I was just at WalMart watching a few 42" displays and was surprised to see a promo for VOOM HD network featuring the Rush channel. This was followed by a Sharp sponsored baseball segment and then a WalMart back to school commercial.

What signal source does Walmart use for their display units?


----------



## phrelin (Jan 18, 2007)

Sounds like it's an internally created source.


----------



## garys (Nov 4, 2005)

I believe they use internal commercials on a loop.


----------



## 459707 (Aug 15, 2007)

Yes, I noticed this at Sam's Club, also. They have a pre-recored set of ads that play on loop all day long. If your there long enough, you can even watch them repeat! This is the same for Target as well.

Isn't VOOM still available on some cable networks?

I still wish some of the VOOM channels would com back to dish - even if there was only a few, or a "best of" channel, or they made shows available for free on ON DEMAND, but I know none of that would happen. Oh well. I guess when I get my cravings for VOOM, i'll just go shop at WalMart.


----------



## HDRoberts (Dec 11, 2007)

Voom is still on Cablevision in New York. Some networks (plus a few specialty networks like Oasis) are on some international systems. 

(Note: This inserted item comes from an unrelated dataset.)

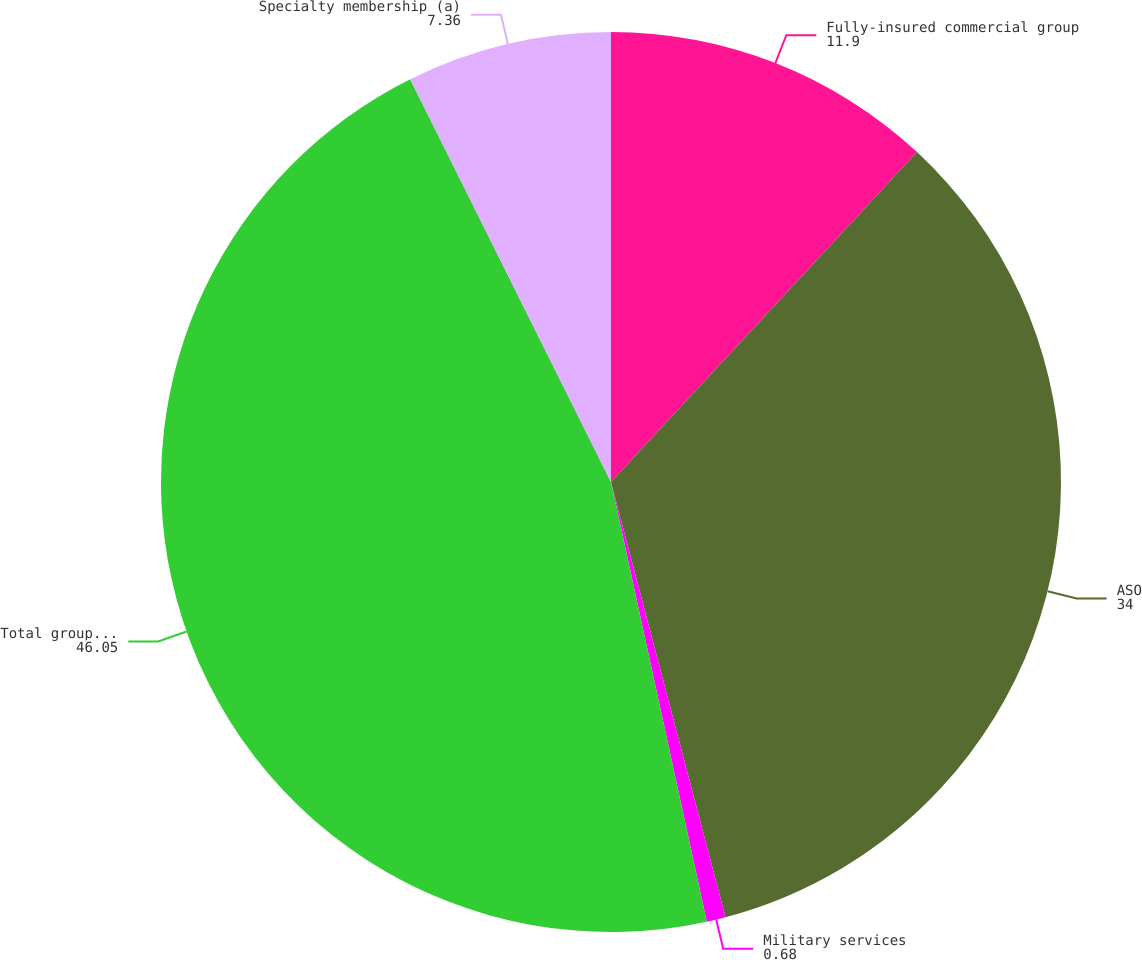<chart> <loc_0><loc_0><loc_500><loc_500><pie_chart><fcel>Fully-insured commercial group<fcel>ASO<fcel>Military services<fcel>Total group medical members<fcel>Specialty membership (a)<nl><fcel>11.9%<fcel>34.0%<fcel>0.68%<fcel>46.05%<fcel>7.36%<nl></chart>

I think Voom is only on Cablevision to keep up their channel count. I think it could go away permanently at any time.


----------



## blooker68 (May 11, 2008)

I still think Charlie did us dirty with Voom. I used to like the guy.


----------



## reddice (Feb 18, 2003)

blooker68 said:


> I still think Charlie did us dirty with Voom. I used to like the guy.

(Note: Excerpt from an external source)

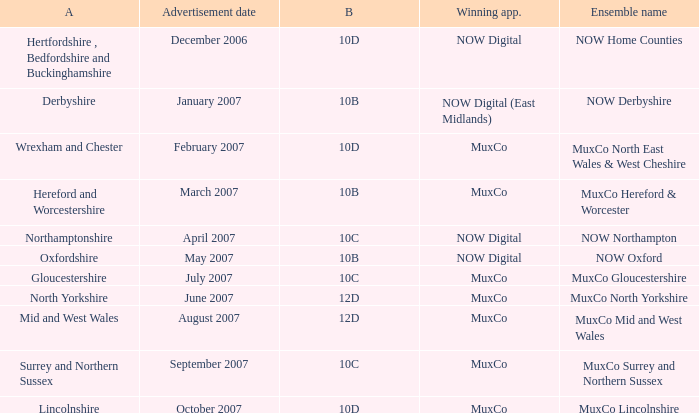Who is the Winning Applicant of Ensemble Name Muxco Lincolnshire in Block 10D? MuxCo. 
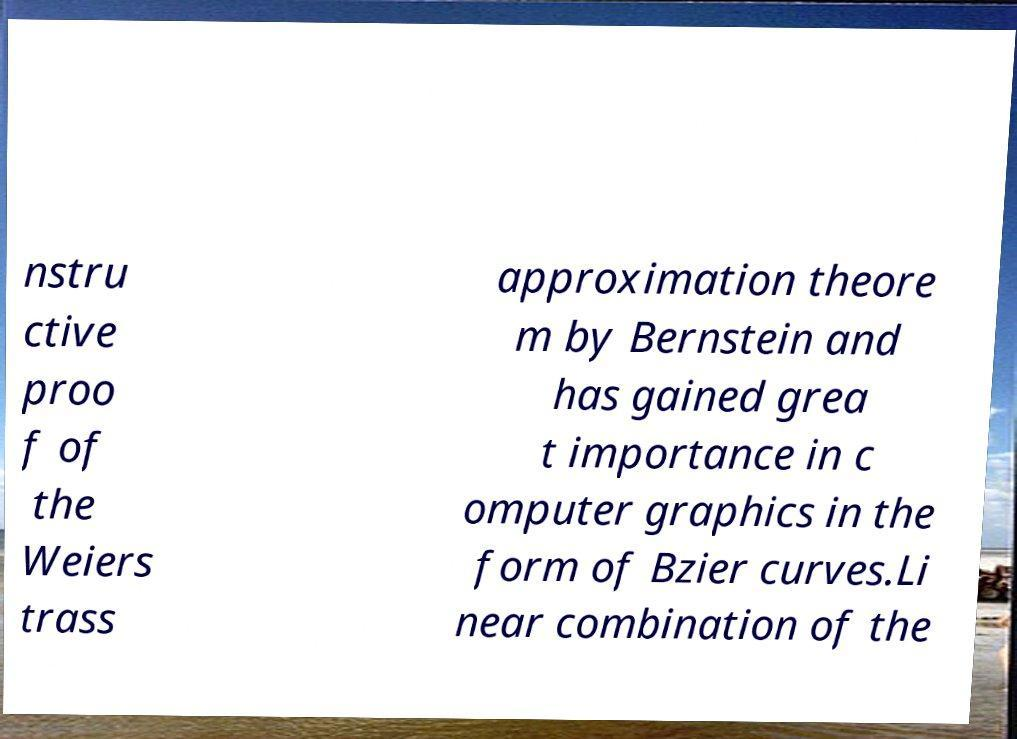Can you accurately transcribe the text from the provided image for me? nstru ctive proo f of the Weiers trass approximation theore m by Bernstein and has gained grea t importance in c omputer graphics in the form of Bzier curves.Li near combination of the

I never liked him. He makes promises. Gives us channels and then takes them away because he is too cheap to negotiate contracts. Says he does not want to raise our rates and then they end up going up every February. The CEO of DirecTV never has that problem. I still like Dish Network better because I like their DVR's better and their PQ for SD and HD is good. Just wish we had a different CEO/President.


----------



## jclewter79 (Jan 8, 2008)

Personally I like his attitude. It reminds me of how I act when someone tries to put the screws to me. I do believe we and the D* subs have benifited from him holding out on contracts sometimes.


----------



## tedb3rd (Feb 2, 2006)

jclewter79: couldn't agree with you more. I'm happy with Dish b/c it's still much cheaper than cable for the number of channels. Not all my customer service calls have been great, but it's still much better than cable. Who knows how much the service would be if they just gave into every network's demand for more revenue to carry the channels. He must have done something right in the past to get Dish where it is today. ...so they just lost some subs recently--big deal. The only companies that aren't struggling these days are in the market of selling oil.

Charlie: Don't change your methods!


----------